All my movements?” he laughed.

“Well,” she emended. “Enough of them anyhow.”

They browsed through a few stores along Fifth Avenue, not really intent on Christmas shopping, but open to felicitous suggestions. Sigrid bought a new camera case for her mother. Anne Harald was a photojournalist and her old case had banged around all over the world so much that it was ratty and frayed.

A cutlery store reminded her that Roman Tramegra had recently grumbled about his need for proper boning knives. She found a set with wicked-looking thin blades.

Nauman saw a delicate cloisonné pin enameled to look like a zebra swallowtail and immediately bought it for Jill Gill, an entomologist friend who raised butterflies.

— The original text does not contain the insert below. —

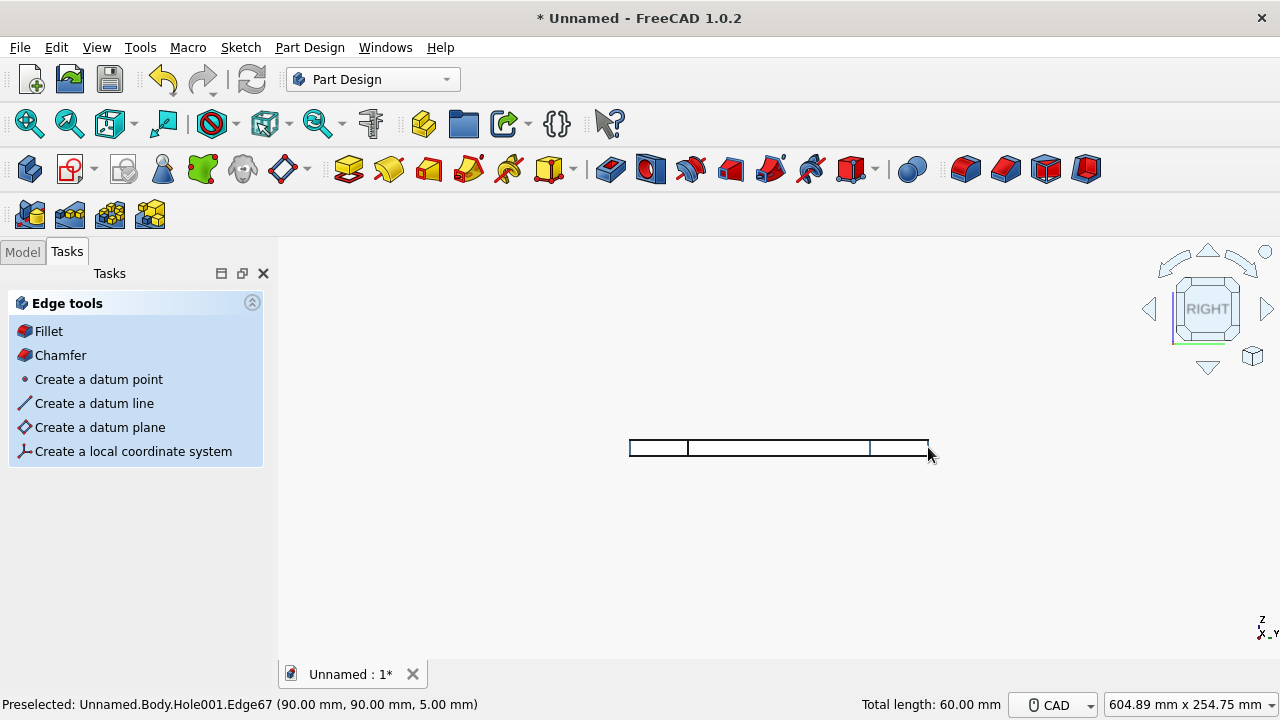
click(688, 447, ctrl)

By seven their arms were laden with packages, so they walked to the garage west of Fifth Avenue, dumped everything into Nauman’s bright yellow sports car, and drove down to the Village for an early dinner.

Over their wine, Nauman brought up Shambley’s death and Jacob Munson’s reaction. “He told me everything,” he said.

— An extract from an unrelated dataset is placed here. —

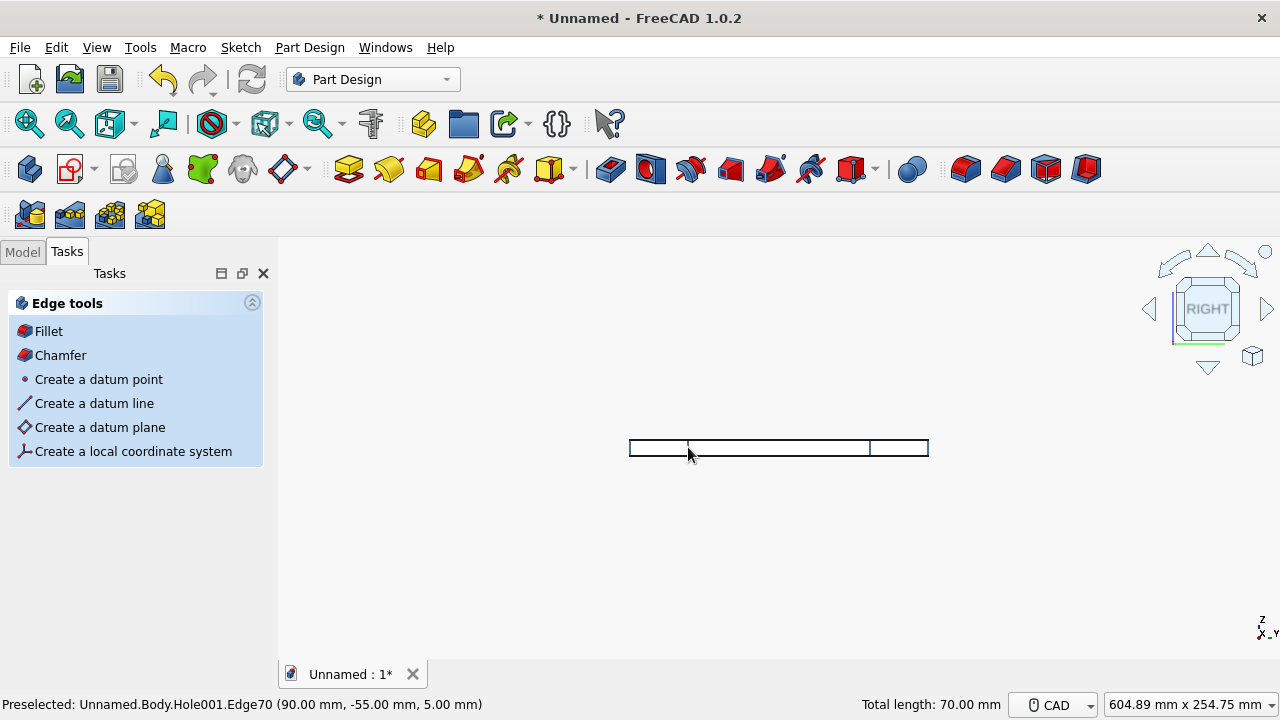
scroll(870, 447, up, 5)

Sigrid held up a warning hand. “Nauman, wait. You do understand that anything you tell me-”

“-can and will be used against me?”

“Yes.”

“I know. It’s okay.”

“I know he’s your friend,” Sigrid said. “And he seemed like a nice old man Wednesday night, but he wasn’t very cooperative today.”

“You might be uncooperative, too, if you were eighty-two years old and just found out that your only grandson’s gay and your business partner’s a partner in murder.”

“What?”

In short terse sentences, Nauman repeated the things Munson had said at lunch.

“He doesn’t have trouble hearing, does he?” Sigrid asked.